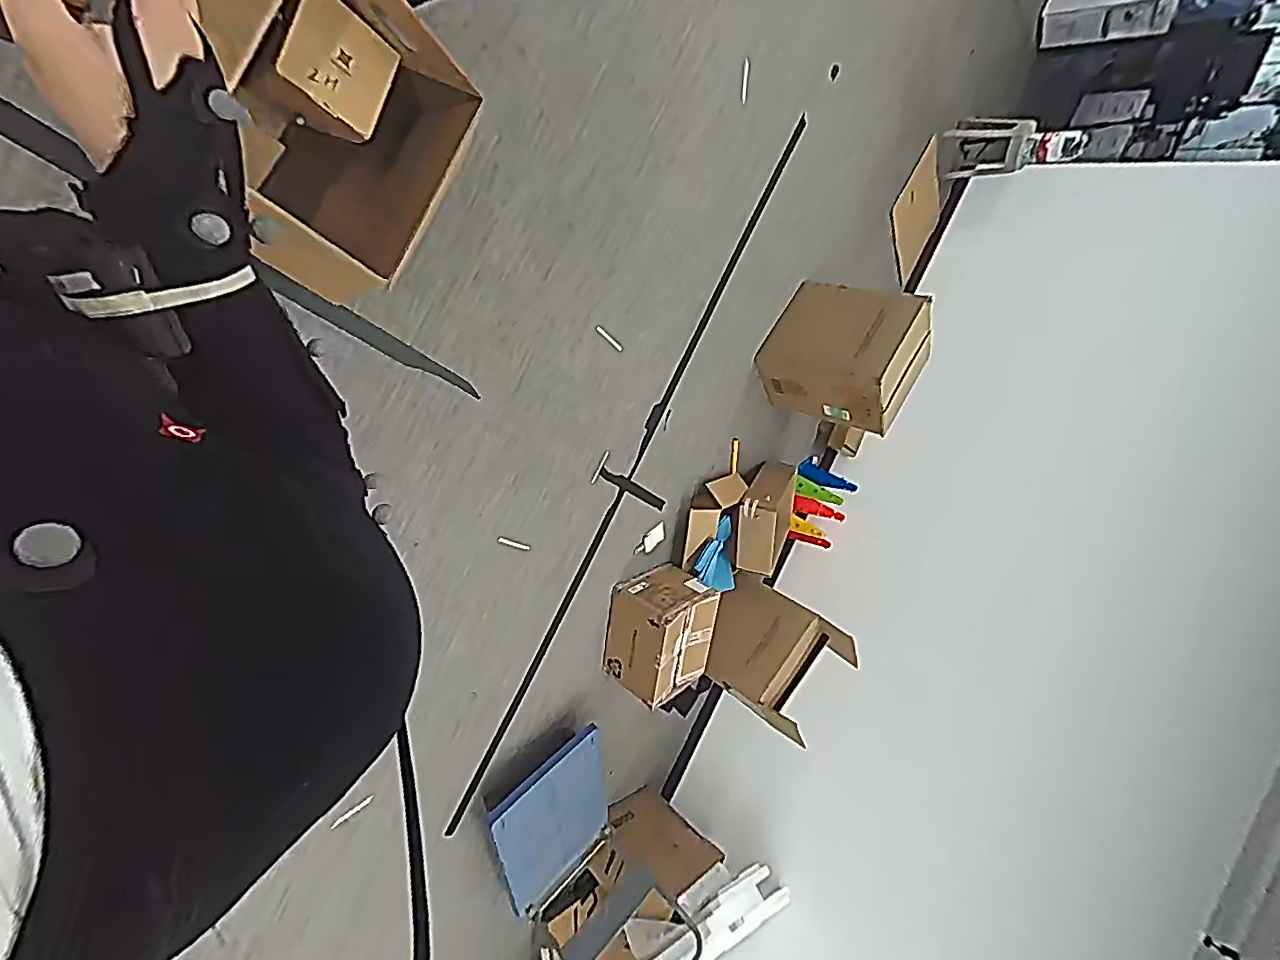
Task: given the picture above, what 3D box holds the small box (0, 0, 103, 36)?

--

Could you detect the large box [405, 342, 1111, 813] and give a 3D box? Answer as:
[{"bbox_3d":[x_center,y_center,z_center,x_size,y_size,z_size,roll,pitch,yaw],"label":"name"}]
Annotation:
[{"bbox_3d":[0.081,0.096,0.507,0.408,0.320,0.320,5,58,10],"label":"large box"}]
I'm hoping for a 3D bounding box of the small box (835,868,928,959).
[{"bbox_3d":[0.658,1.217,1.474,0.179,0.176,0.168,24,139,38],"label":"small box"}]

==

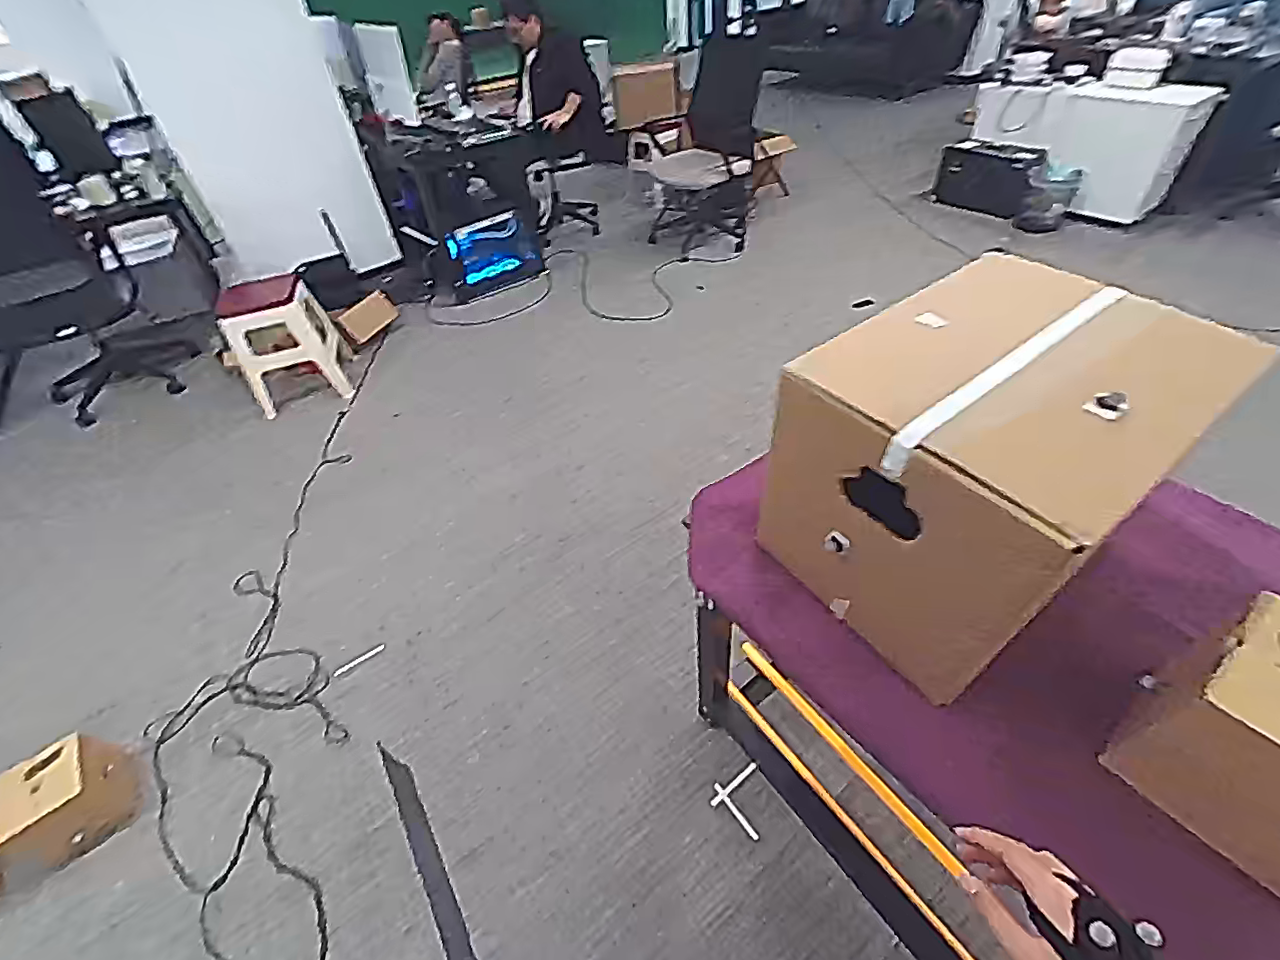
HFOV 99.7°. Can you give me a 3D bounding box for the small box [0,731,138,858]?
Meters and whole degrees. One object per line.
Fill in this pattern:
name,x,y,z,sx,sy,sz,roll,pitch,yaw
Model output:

- _AIM OF THE EXERCISE_
Extract every line above containing the word "pitch".

- _WRITTEN ANSWER_
[{"bbox_3d":[x_center,y_center,z_center,x_size,y_size,z_size,roll,pitch,yaw],"label":"name"}]
name,x,y,z,sx,sy,sz,roll,pitch,yaw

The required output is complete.